» Records for this exercise:
——————

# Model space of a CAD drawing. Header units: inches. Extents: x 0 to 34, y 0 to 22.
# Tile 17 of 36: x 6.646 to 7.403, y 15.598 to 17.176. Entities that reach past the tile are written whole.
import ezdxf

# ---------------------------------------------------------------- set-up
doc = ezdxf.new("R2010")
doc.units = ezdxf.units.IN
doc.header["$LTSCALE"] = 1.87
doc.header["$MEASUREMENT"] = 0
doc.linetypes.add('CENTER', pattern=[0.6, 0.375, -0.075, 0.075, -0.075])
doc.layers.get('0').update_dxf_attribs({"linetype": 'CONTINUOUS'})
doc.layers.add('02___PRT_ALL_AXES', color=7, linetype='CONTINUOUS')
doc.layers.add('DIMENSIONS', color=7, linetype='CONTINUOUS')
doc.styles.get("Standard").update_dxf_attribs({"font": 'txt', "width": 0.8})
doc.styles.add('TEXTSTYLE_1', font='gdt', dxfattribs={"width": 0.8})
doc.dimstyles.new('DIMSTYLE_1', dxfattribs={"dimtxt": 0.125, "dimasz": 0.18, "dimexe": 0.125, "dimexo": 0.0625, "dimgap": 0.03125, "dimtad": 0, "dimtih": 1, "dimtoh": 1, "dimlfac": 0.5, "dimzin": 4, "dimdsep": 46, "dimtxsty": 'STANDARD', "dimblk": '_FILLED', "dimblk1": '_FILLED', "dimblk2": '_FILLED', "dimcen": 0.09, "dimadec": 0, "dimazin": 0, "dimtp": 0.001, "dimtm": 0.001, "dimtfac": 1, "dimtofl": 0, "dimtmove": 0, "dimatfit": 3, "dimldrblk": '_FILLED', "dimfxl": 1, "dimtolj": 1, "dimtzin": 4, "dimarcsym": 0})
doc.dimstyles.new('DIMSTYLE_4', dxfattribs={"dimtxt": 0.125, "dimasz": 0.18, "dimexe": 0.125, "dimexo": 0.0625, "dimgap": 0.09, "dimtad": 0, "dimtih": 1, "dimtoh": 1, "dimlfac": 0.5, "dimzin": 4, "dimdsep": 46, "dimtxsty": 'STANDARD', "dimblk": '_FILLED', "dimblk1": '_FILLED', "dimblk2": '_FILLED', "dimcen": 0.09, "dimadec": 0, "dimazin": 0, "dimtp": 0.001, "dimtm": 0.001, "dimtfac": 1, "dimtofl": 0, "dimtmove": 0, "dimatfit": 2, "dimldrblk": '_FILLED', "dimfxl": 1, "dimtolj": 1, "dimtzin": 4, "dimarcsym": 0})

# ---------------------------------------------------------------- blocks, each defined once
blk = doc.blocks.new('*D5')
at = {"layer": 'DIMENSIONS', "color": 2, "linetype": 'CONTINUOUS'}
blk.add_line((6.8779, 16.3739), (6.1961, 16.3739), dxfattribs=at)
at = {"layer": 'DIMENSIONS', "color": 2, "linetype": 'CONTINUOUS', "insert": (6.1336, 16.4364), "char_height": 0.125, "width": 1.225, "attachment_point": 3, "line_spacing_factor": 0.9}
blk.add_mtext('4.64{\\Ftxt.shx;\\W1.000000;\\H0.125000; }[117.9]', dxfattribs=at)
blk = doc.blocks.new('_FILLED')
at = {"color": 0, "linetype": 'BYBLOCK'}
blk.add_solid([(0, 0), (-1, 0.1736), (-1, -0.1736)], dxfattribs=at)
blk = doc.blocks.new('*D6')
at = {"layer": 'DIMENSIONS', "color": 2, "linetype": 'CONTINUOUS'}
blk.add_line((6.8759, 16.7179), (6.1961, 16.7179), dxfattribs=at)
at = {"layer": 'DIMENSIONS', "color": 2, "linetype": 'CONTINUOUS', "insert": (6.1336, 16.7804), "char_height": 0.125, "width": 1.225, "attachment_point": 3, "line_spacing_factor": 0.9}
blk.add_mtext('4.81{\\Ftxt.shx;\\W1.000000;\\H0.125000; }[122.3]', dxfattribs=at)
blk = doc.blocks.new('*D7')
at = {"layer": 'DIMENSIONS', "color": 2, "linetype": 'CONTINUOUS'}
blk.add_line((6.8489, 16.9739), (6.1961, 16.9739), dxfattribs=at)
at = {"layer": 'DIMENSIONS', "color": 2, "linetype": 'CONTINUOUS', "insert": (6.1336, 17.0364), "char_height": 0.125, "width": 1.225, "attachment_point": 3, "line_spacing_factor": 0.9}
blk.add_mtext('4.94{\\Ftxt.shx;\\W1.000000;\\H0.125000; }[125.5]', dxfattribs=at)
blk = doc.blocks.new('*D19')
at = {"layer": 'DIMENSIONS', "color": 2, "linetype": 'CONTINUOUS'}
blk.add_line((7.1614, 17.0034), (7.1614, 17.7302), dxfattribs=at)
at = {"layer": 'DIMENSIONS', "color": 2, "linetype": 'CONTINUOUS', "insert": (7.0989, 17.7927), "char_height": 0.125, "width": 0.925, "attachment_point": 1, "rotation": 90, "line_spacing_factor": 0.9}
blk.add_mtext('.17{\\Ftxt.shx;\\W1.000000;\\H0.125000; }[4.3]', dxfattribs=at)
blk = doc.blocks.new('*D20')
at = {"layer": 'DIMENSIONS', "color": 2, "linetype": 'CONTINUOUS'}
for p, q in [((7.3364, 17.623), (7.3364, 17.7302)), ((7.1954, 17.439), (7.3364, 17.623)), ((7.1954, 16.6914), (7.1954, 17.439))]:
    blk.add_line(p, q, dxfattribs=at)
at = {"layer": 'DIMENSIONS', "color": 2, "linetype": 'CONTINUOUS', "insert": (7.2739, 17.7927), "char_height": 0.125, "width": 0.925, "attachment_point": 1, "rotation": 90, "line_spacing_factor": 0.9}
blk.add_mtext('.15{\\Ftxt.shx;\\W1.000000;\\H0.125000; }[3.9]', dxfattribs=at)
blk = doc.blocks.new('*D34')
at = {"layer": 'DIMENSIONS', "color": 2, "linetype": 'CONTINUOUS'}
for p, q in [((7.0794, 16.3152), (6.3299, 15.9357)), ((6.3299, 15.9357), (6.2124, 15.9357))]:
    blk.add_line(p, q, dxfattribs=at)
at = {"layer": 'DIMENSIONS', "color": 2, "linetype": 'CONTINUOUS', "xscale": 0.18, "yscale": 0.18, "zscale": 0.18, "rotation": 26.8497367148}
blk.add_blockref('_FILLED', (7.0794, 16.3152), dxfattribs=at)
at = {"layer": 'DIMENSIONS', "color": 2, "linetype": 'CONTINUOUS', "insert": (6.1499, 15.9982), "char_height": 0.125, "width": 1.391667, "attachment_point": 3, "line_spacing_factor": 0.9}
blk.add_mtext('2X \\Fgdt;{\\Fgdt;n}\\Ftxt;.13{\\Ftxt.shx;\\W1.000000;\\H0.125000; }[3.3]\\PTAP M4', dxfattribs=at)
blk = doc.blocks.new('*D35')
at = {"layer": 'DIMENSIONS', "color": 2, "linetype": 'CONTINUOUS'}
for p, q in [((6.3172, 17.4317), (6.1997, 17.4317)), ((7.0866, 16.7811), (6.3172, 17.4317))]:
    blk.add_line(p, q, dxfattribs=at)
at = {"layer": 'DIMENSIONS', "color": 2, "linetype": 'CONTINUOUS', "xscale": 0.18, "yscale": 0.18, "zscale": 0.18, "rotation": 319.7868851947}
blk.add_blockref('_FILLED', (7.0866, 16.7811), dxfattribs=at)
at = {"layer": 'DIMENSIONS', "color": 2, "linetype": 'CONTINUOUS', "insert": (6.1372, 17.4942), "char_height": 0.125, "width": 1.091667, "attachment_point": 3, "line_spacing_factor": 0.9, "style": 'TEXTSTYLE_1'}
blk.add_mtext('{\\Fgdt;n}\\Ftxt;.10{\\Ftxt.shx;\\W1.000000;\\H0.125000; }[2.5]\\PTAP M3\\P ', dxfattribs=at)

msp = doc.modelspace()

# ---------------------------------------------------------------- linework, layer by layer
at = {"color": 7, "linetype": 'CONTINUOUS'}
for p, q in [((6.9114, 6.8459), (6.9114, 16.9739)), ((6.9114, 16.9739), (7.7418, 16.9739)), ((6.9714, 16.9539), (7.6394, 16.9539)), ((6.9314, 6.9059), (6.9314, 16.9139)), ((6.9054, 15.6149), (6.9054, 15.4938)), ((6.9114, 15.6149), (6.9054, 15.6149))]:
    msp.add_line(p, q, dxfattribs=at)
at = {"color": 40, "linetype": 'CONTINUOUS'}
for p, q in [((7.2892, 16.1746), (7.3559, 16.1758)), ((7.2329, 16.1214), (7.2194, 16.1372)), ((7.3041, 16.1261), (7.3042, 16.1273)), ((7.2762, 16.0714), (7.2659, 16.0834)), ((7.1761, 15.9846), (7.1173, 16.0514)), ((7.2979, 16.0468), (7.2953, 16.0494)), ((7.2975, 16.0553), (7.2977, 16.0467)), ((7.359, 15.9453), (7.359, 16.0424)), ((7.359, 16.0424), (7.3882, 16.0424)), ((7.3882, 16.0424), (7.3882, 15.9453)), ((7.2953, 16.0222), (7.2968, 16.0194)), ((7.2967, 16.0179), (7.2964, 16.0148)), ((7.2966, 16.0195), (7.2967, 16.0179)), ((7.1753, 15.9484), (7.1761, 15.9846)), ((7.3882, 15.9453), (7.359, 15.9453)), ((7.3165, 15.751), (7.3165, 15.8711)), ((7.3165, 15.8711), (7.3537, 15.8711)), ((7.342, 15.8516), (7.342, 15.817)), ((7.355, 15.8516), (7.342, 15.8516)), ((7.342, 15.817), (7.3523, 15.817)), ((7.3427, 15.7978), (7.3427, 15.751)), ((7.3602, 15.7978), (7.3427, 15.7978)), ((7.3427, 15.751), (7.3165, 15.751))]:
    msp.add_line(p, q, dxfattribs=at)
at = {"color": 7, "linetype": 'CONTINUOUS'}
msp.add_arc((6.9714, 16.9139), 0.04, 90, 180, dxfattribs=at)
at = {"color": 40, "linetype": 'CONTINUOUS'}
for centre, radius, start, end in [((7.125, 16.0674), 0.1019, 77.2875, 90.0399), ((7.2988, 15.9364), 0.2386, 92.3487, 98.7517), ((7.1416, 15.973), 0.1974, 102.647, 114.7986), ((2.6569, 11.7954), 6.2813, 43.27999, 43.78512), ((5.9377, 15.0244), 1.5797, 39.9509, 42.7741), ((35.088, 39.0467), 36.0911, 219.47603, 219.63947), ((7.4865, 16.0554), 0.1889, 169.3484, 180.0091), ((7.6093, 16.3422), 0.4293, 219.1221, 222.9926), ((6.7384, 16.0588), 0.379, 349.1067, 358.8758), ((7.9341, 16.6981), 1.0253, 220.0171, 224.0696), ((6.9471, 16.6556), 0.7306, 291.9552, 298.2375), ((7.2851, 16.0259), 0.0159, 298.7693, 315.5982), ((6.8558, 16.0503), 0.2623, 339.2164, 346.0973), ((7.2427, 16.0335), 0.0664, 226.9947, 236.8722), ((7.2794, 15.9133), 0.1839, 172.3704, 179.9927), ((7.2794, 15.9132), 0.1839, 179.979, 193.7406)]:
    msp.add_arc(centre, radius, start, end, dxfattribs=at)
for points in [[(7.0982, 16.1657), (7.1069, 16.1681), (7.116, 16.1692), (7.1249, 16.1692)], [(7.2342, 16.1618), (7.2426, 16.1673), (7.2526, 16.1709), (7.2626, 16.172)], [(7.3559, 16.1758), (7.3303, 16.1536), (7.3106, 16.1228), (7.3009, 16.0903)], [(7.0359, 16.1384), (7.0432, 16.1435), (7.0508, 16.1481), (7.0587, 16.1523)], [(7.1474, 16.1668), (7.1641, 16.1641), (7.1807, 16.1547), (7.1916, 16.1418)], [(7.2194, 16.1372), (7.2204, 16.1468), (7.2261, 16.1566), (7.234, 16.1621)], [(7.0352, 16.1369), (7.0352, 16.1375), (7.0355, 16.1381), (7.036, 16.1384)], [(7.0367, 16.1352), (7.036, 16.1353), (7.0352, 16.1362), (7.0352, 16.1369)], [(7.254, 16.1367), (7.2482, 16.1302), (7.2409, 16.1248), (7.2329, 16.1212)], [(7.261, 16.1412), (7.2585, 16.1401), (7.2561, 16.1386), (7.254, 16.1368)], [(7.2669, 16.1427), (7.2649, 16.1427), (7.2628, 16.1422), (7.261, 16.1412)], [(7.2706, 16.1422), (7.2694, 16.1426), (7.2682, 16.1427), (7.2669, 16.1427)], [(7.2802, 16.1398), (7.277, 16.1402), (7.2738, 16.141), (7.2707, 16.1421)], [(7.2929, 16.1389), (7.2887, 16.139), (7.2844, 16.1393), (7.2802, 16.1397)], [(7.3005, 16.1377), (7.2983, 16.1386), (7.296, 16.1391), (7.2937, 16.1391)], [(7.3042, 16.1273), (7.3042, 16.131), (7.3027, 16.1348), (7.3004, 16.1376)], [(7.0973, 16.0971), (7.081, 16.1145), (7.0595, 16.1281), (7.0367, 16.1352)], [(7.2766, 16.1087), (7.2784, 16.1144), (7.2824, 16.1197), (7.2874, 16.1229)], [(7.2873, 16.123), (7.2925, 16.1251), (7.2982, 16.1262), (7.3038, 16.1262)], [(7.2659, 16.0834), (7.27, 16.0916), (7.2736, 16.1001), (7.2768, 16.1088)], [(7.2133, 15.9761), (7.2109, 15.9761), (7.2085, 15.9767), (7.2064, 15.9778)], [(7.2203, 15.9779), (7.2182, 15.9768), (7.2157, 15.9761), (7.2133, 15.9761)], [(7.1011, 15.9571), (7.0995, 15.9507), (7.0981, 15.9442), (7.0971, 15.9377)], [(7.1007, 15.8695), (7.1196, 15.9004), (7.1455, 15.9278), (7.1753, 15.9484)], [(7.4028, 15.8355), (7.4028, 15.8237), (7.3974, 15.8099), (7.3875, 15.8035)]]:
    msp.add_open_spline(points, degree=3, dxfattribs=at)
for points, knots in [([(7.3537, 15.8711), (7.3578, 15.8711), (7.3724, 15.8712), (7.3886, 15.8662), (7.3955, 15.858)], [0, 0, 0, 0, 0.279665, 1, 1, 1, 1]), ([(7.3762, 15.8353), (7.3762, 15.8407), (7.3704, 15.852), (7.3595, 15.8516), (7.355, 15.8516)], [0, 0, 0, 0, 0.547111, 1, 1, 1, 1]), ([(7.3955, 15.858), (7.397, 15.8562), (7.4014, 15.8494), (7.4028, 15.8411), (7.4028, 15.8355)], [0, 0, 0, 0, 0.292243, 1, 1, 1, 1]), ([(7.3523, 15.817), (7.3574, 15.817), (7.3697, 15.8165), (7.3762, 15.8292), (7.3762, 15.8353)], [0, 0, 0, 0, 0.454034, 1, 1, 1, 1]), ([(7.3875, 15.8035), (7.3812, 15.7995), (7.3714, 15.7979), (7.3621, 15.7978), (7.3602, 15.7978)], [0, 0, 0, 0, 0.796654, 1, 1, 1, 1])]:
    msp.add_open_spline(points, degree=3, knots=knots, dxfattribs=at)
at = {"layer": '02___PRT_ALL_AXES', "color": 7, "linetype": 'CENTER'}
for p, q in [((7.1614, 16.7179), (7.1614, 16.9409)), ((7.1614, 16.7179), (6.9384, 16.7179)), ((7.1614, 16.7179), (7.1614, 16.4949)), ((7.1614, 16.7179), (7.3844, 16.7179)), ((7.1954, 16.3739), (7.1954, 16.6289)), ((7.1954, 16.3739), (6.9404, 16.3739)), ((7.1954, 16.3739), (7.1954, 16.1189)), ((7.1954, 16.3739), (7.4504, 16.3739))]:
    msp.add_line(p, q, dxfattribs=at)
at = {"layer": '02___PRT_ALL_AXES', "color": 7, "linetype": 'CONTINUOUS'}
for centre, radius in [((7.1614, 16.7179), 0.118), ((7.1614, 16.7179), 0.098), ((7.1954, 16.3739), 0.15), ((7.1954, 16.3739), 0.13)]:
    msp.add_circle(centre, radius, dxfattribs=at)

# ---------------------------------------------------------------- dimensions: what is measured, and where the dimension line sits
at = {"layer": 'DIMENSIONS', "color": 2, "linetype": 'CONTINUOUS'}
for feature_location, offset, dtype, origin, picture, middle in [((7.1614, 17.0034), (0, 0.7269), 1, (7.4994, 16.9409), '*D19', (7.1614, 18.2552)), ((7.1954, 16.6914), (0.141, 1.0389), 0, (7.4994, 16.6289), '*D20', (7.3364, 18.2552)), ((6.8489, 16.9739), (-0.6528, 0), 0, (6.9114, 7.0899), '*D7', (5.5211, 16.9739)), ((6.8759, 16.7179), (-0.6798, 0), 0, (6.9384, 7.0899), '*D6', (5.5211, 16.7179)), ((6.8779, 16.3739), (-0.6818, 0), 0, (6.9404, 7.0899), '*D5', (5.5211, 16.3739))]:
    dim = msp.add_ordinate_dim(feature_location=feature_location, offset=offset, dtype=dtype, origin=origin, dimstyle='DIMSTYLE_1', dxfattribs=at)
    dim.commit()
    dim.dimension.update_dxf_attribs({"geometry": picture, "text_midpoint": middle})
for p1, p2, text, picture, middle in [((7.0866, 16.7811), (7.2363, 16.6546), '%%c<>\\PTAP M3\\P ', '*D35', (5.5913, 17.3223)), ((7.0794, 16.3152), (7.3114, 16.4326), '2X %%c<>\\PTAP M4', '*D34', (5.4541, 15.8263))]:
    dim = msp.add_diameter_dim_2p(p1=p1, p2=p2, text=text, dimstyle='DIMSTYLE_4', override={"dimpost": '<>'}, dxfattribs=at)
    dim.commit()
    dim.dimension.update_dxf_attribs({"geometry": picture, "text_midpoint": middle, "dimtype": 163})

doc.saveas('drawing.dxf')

——————

» Work to complete:
Return, from the material above, each line holding the string "font".

» Response area:
doc.styles.get("Standard").update_dxf_attribs({"font": 'txt', "width": 0.8})
doc.styles.add('TEXTSTYLE_1', font='gdt', dxfattribs={"width": 0.8})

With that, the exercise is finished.